** Opening Data for analysis block **

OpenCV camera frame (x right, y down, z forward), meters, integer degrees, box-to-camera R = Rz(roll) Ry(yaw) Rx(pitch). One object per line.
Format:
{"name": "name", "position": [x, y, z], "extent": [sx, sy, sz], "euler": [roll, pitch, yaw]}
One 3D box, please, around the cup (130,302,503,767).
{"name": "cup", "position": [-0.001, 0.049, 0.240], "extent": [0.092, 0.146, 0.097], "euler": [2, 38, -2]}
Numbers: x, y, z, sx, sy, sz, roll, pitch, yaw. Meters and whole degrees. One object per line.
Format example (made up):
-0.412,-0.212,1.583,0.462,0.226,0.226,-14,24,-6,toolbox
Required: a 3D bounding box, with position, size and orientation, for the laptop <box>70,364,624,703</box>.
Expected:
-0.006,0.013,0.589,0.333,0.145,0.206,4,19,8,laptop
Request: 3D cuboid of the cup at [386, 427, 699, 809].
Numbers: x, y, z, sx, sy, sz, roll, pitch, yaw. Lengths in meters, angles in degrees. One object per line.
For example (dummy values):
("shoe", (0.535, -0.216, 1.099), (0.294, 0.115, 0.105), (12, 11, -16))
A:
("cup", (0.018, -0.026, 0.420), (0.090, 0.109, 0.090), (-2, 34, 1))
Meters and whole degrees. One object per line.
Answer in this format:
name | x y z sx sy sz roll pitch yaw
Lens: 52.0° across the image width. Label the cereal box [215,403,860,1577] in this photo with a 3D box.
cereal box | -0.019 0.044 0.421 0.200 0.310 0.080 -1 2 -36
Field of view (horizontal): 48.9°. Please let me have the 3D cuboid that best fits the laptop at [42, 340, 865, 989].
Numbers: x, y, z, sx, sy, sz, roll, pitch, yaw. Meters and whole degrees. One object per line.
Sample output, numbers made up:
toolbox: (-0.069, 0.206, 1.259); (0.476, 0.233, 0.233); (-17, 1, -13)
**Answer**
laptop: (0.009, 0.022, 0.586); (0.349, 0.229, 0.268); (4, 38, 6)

** Closing Data for analysis block **

Read the data above and pull out each line that holds the string "degrees".

OpenCV camera frame (x right, y down, z forward), meters, integer degrees, box-to-camera R = Rz(roll) Ry(yaw) Rx(pitch). One object per line.
Numbers: x, y, z, sx, sy, sz, roll, pitch, yaw. Meters and whole degrees. One object per line.
Numbers: x, y, z, sx, sy, sz, roll, pitch, yaw. Lengths in meters, angles in degrees. One object per line.
Meters and whole degrees. One object per line.
Numbers: x, y, z, sx, sy, sz, roll, pitch, yaw. Meters and whole degrees. One object per line.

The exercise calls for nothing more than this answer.